Lesson 7: Co-Pilot approvals & Auto-Pilot graduation
This is where the daily habit and the long-term payoff meet: how to work the approval queue well, and how a task stream earns the right to run on its own.
Reading a recommendation card
Every card shows you three things:
- The action — exactly what the bee wants to do ("raise Deluxe by NPR 1,200 for tomorrow").
- The numbers — the impact, so you can sanity-check it at a glance.
- The reasoning — why, in plain language ("88% occupancy and a festival in Janakpur").

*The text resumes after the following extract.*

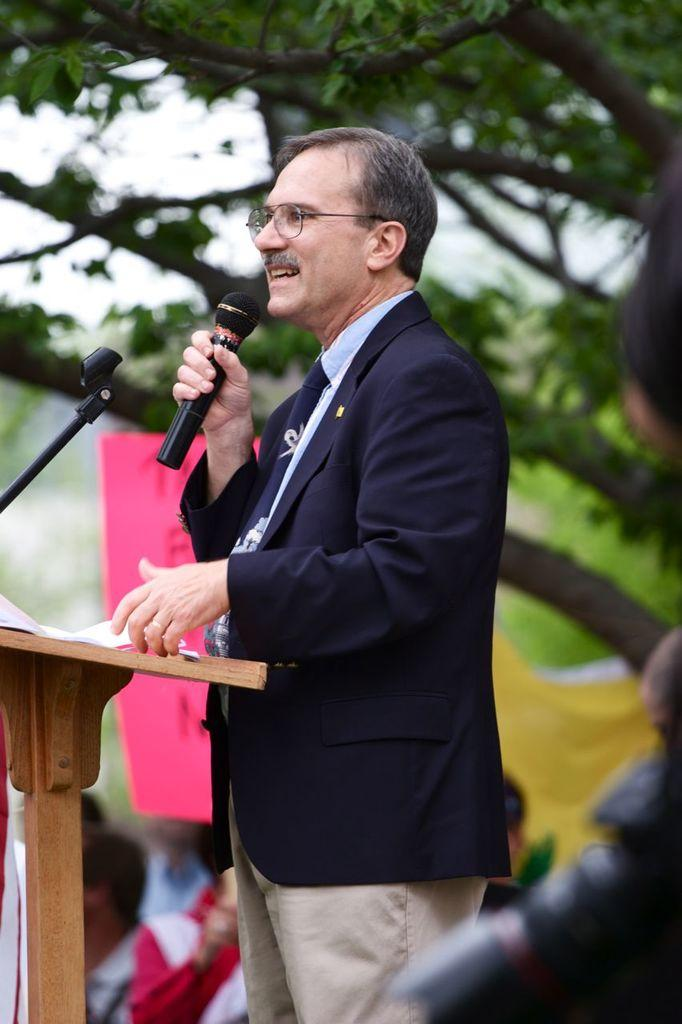Who is the main subject in the image? There is a man in the image. What is the man doing in the image? The man is standing and holding a mic in his hand. Can you describe the background of the image? The background of the image is blurry. Where is the shelf located in the image? There is no shelf present in the image. How does the man plan to join the other people in the image? The image does not show any other people, so it is not possible to determine how the man plans to join them.

You can edit the values in place — change 1,200 to 800 — before approving. You are never forced into an all-or-nothing yes/no.
A live recommendation card — the bee's proposed rate, its rationale, and your Approve / Edit / Reject controls.
Edit, don't silently reject
When a recommendation is close but not right, edit it. An edit teaches the AI your exact preference (Lesson 6) and moves a stream toward graduation. A silent reject only says "no" — it withholds the very signal that would stop the AI making the same suggestion again. Reserve rejection for recommendations that are simply wrong, and add a one-line reason when you do.
How a stream graduates to Auto-Pilot
Auto-Pilot is granted per stream (pricing, review drafts, dispatch) and only when the evidence is overwhelming. A stream must clear all of these:
- ≥ 90% agreement between what the AI proposed and what you actually approved,
- across at least 100 real decisions,
- sustained over at least 60 days,
- with zero guardrail breaches in that window.
Miss any one and the stream stays in Co-Pilot. A single guardrail breach demotes it instantly and notifies the owner. Even once qualified, activation is owner-only and invite-gated — managers and staff cannot switch it on.
You are never locked in
Auto-Pilot is always reversible. You can pull any stream back to Co-Pilot whenever you want to resume hands-on oversight, and the Kill Switch halts everything at once. Graduation is a convenience the AI earns — never a loss of your control.